[ACTIVITY] Repeat all the records exactly, omitting pictures.

MATERIAL PROVIDED section start

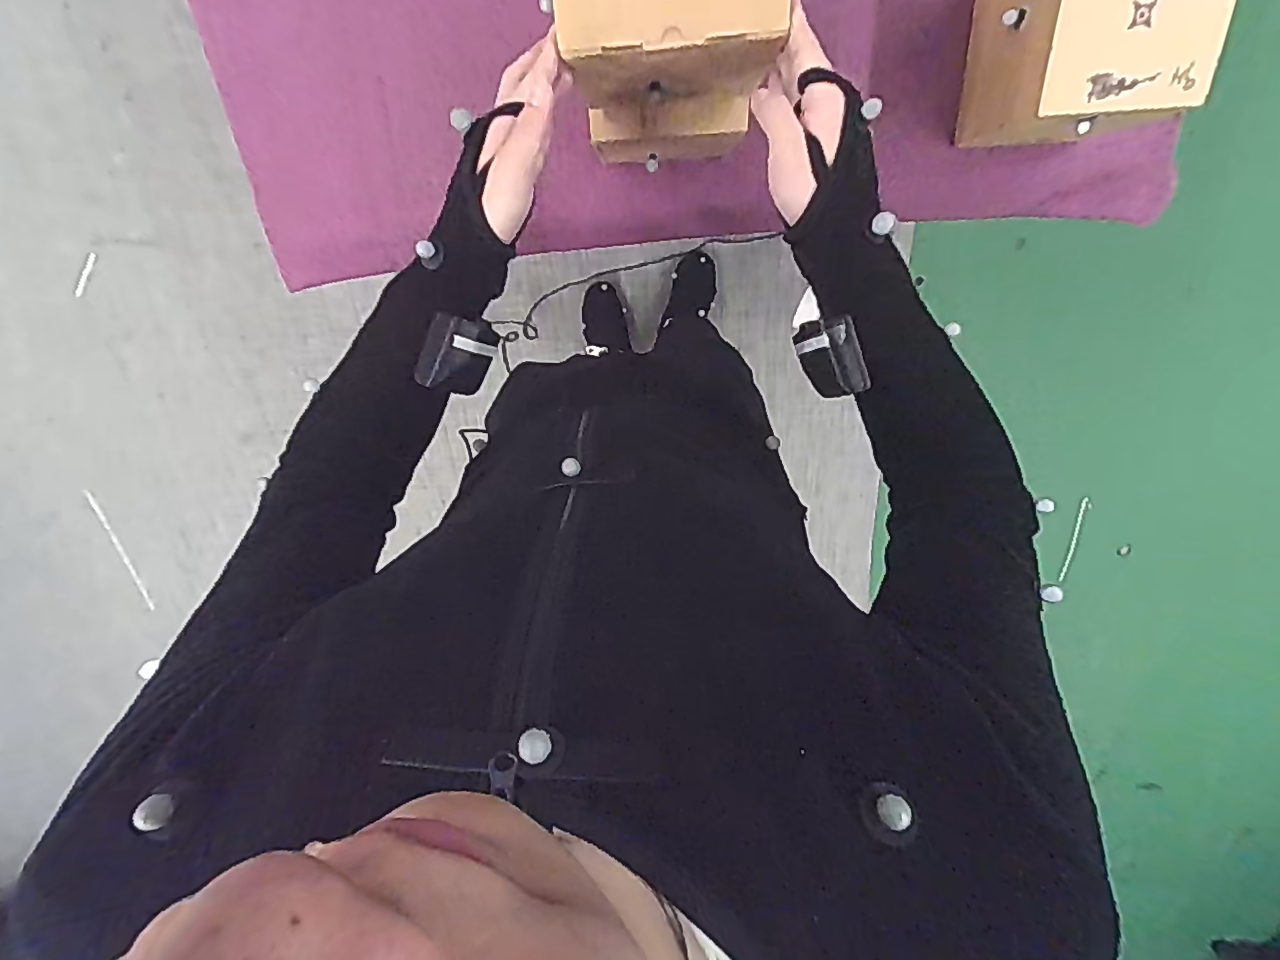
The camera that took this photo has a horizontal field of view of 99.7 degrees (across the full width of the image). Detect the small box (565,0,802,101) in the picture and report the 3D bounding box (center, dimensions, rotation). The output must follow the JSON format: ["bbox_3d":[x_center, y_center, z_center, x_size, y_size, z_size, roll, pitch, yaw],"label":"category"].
[{"bbox_3d":[0.025,-0.420,0.417,0.168,0.176,0.179,-4,115,2],"label":"small box"}]

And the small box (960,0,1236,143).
[{"bbox_3d":[0.480,-0.486,0.585,0.168,0.176,0.179,-2,112,2],"label":"small box"}]
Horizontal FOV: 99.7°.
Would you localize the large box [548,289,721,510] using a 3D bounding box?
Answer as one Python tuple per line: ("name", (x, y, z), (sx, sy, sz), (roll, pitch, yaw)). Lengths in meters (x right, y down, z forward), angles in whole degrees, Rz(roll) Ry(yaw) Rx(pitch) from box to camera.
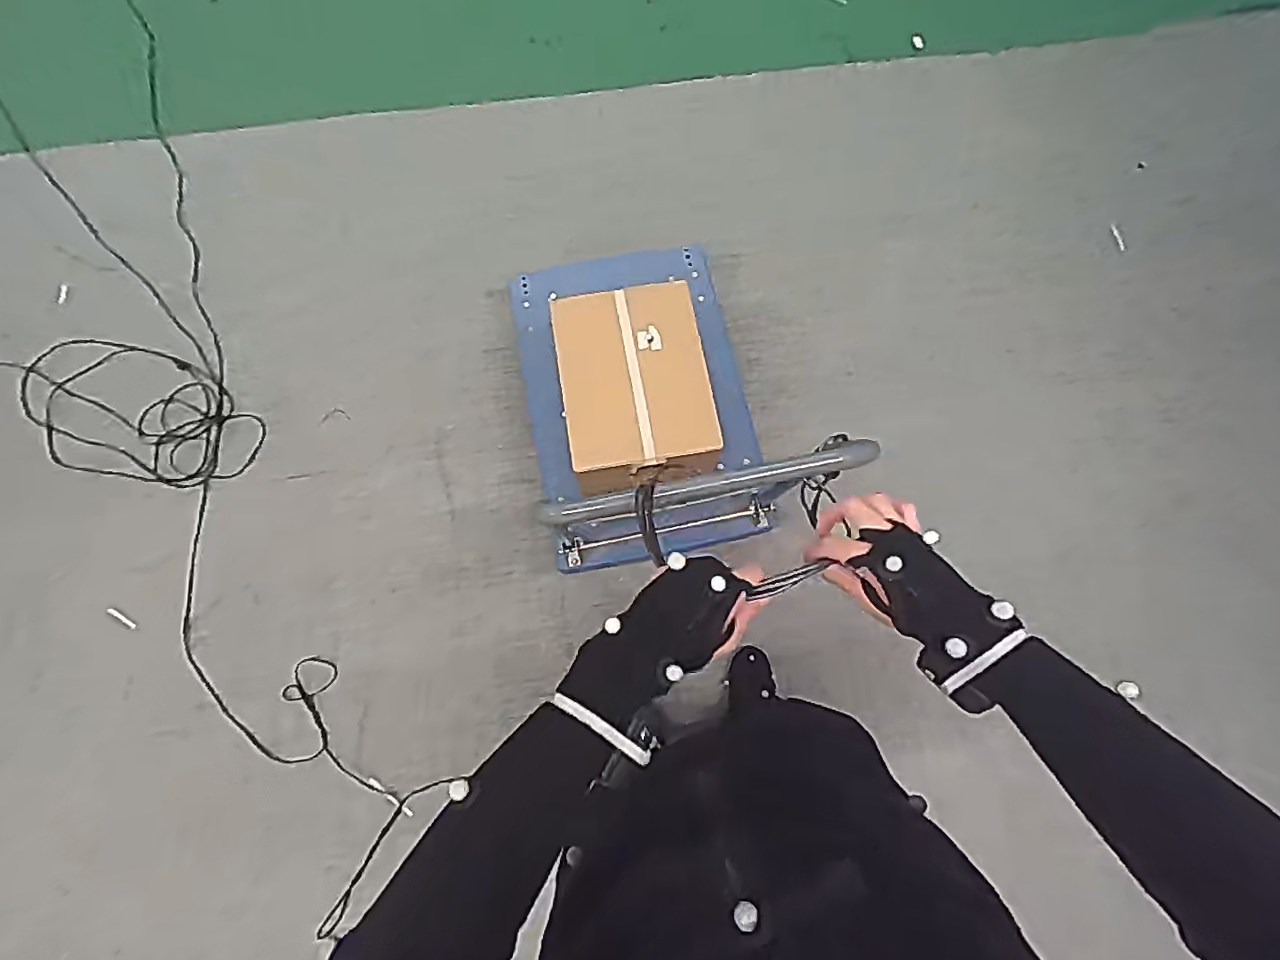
("large box", (-0.016, -0.175, 1.294), (0.320, 0.320, 0.408), (-9, 74, -3))

MATERIAL PROVIDED section end

[OUTPUT OF THE TASK]
The camera that took this photo has a horizontal field of view of 99.7 degrees (across the full width of the image). Detect the small box (565,0,802,101) in the picture and report the 3D bounding box (center, dimensions, rotation). The output must follow the JSON format: ["bbox_3d":[x_center, y_center, z_center, x_size, y_size, z_size, roll, pitch, yaw],"label":"category"].
[{"bbox_3d":[0.025,-0.420,0.417,0.168,0.176,0.179,-4,115,2],"label":"small box"}]

And the small box (960,0,1236,143).
[{"bbox_3d":[0.480,-0.486,0.585,0.168,0.176,0.179,-2,112,2],"label":"small box"}]
Horizontal FOV: 99.7°.
Would you localize the large box [548,289,721,510] using a 3D bounding box?
Answer as one Python tuple per line: ("name", (x, y, z), (sx, sy, sz), (roll, pitch, yaw)). Lengths in meters (x right, y down, z forward), angles in whole degrees, Rz(roll) Ry(yaw) Rx(pitch) from box to camera.
("large box", (-0.016, -0.175, 1.294), (0.320, 0.320, 0.408), (-9, 74, -3))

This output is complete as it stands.